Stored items

= = = = = = =

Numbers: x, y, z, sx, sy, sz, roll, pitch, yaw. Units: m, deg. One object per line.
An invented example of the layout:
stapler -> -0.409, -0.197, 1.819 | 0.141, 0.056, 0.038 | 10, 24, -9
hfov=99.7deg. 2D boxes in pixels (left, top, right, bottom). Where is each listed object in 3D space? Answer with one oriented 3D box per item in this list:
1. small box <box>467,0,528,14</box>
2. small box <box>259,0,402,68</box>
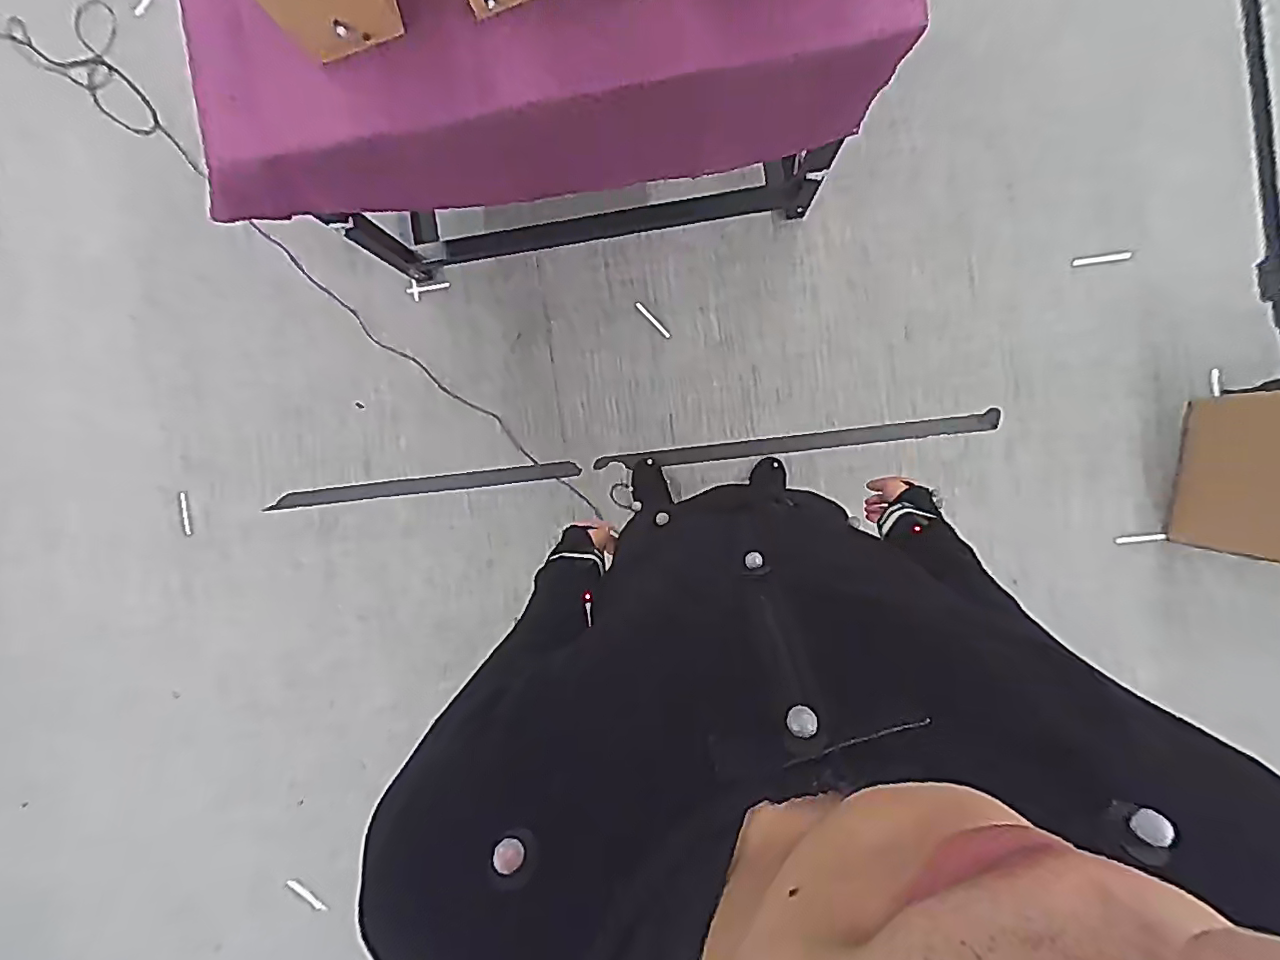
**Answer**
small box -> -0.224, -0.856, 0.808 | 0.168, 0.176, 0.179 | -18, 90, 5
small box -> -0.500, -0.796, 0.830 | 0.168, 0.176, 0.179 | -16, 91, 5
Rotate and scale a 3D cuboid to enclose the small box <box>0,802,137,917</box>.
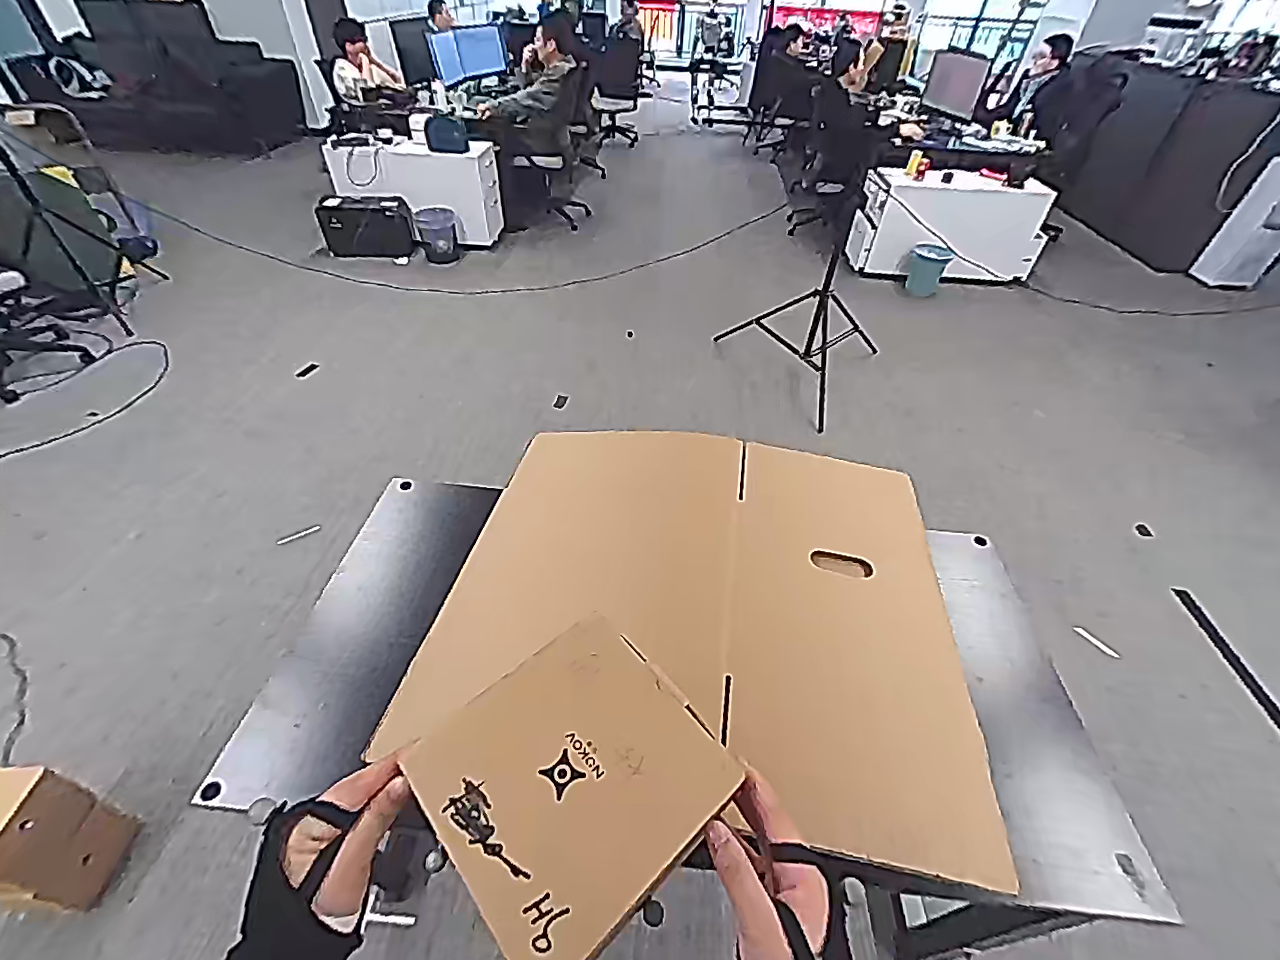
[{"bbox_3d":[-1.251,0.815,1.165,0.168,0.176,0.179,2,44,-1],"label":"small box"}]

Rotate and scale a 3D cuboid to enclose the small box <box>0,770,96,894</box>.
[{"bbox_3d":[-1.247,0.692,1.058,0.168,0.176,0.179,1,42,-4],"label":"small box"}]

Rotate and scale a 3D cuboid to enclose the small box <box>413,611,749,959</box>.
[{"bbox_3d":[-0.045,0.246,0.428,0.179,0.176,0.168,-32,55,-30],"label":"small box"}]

= = = = = = =

Exercise prompt
Every line of the data is to be transcribed exactly, and no picture is to be included.

Finished exercise
Numbers: x, y, z, sx, sy, sz, roll, pitch, yaw. Units: m, deg. One object per line.
An invented example of the layout:
stapler -> -0.409, -0.197, 1.819 | 0.141, 0.056, 0.038 | 10, 24, -9
hfov=99.7deg. 2D boxes in pixels (left, top, right, bottom). Where is each listed object in 3D space? Answer with one oriented 3D box per item in this list:
1. small box <box>467,0,528,14</box>
2. small box <box>259,0,402,68</box>
**Answer**
small box -> -0.224, -0.856, 0.808 | 0.168, 0.176, 0.179 | -18, 90, 5
small box -> -0.500, -0.796, 0.830 | 0.168, 0.176, 0.179 | -16, 91, 5
Rotate and scale a 3D cuboid to enclose the small box <box>0,802,137,917</box>.
[{"bbox_3d":[-1.251,0.815,1.165,0.168,0.176,0.179,2,44,-1],"label":"small box"}]

Rotate and scale a 3D cuboid to enclose the small box <box>0,770,96,894</box>.
[{"bbox_3d":[-1.247,0.692,1.058,0.168,0.176,0.179,1,42,-4],"label":"small box"}]

Rotate and scale a 3D cuboid to enclose the small box <box>413,611,749,959</box>.
[{"bbox_3d":[-0.045,0.246,0.428,0.179,0.176,0.168,-32,55,-30],"label":"small box"}]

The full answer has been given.